Spammers seeking to rebuild botnets after legal actions shut down several zombie networks are driving a surge in malware-containing spam according toe Symantec.

Last month saw a surge in malware-containing spam, according to a new study by Symantec. Interestingly, while Symantec said that malware-containing spam never comprised more than 3% of all spam on any given day in 2010, all of that changed in June. "Malware spam made up almost 12% of all spam on June 13th, and topped 5% on June 3rd and 15th," according to the report.

What's behind the increase? According to Symantec, spammers appear to be "trying to make up for the loss of several zombie networks, due to legal actions." In other words, they're pumping out spam with malware in an attempt to build their botnets back up to full strength, adding as many compromised -- aka zombie -- PCs as they can.

Spam-containing malware isn't the only attack that's lately been on the increase. Indeed, from May to June 2010, the incidence of phishing attacks increased by 25%. In part, this was due to the prevalence of attackers using automated toolkits for creating their phishing attacks; the use of such toolkits more than doubled in that timeframe. The number of free webhosting services being used in such attacks also increased by 26% from May to June, to comprise 11% of all phishing attacks.

As always, the primary motive behind phishing attacks appears to be monetary, with 85% of all phishing attacks targeting financial institutions, versus 14% targeting information services companies, and less than 1%, government agencies.

On a positive note, however, the amount of spam in the wild has recently declined. While spam comprised 88.3% of all email messages in June, that was down from 89.8% in May.

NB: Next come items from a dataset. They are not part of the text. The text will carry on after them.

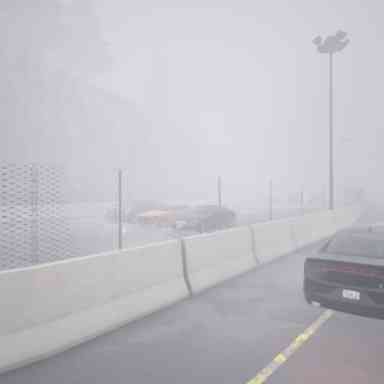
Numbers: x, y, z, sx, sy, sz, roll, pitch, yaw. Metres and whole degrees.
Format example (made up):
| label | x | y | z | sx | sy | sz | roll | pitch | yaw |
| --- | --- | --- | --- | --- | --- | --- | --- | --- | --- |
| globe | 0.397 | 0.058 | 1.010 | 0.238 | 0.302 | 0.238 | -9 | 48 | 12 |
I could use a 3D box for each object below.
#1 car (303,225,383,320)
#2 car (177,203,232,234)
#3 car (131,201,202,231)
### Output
| label | x | y | z | sx | sy | sz | roll | pitch | yaw |
| --- | --- | --- | --- | --- | --- | --- | --- | --- | --- |
| car | 4.021 | 1.462 | 7.208 | 1.882 | 1.535 | 5.008 | 0 | 0 | 38 |
| car | 0.770 | 1.467 | 18.738 | 2.128 | 1.511 | 4.902 | 0 | 0 | 35 |
| car | -1.498 | 1.453 | 21.586 | 1.882 | 1.535 | 5.008 | 0 | 0 | 35 |
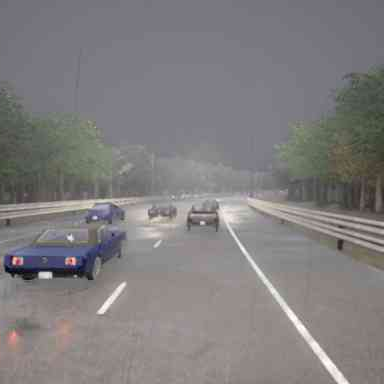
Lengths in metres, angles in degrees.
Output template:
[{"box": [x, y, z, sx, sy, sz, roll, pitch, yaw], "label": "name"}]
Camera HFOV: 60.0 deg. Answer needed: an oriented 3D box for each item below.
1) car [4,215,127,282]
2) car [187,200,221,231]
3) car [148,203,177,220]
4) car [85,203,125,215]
[{"box": [-3.237, 1.582, 9.706, 1.895, 1.301, 4.718, 0, 0, 1], "label": "car"}, {"box": [0.707, 1.470, 20.462, 2.128, 1.511, 4.902, 0, 0, 3], "label": "car"}, {"box": [-2.342, 1.575, 27.920, 1.895, 1.301, 4.718, 0, 0, 4], "label": "car"}, {"box": [-6.119, 1.494, 23.747, 1.812, 1.442, 4.674, 0, 0, 3], "label": "car"}]
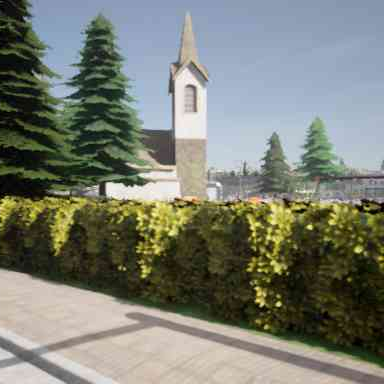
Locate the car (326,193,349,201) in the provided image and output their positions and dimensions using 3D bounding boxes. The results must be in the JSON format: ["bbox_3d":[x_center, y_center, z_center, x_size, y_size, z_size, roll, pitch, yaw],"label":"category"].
[{"bbox_3d":[36.597,1.427,83.661,3.633,1.501,1.845,0,0,35],"label":"car"}]

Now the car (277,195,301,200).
[{"bbox_3d":[21.749,1.491,75.779,4.514,1.523,2.007,0,0,35],"label":"car"}]
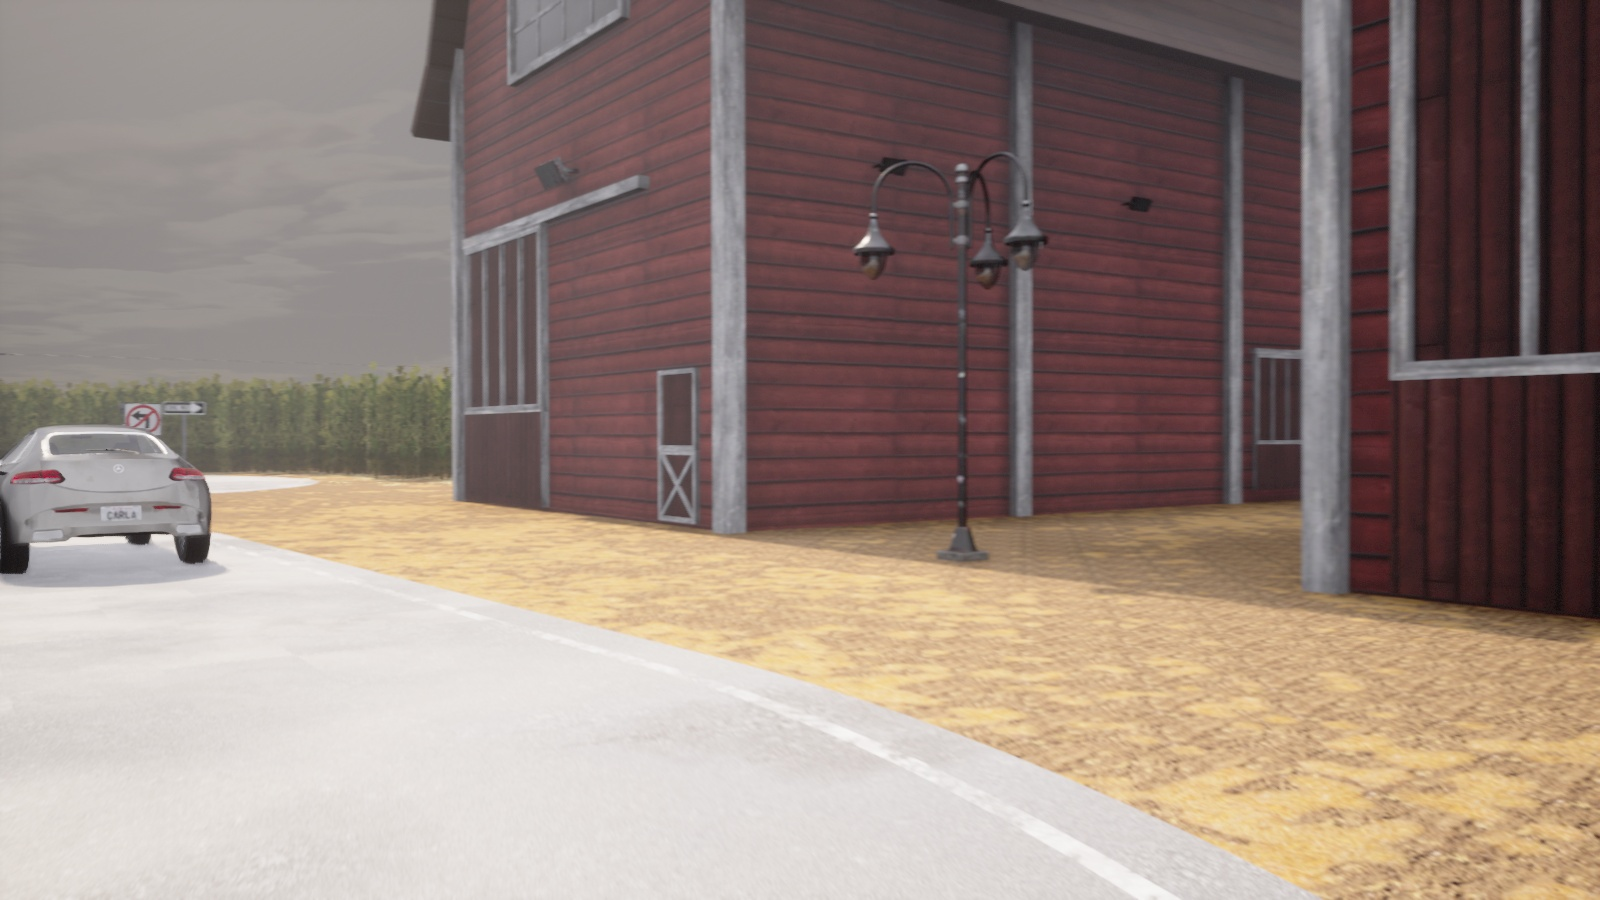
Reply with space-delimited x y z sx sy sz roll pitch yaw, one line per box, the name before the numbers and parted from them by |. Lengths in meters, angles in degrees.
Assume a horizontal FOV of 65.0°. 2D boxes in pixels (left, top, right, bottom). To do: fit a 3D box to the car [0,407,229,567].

In recent months, attackers have also been creating more phishing websites that spoof Google's social networking site Orkut, especially in Brazilian Portuguese, since Orkut's biggest traction is in Brazil, said Symantec. These spoof sites have even been going so far as to mimic Google's changing imagery, often based on popular holidays, such as Earth Day and Mother's Day. This attention to detail may result from the need to trick the maximum number of people during the short window that a phishing site remains active -- just 54 hours, according to Symantec -- before it gets shut down.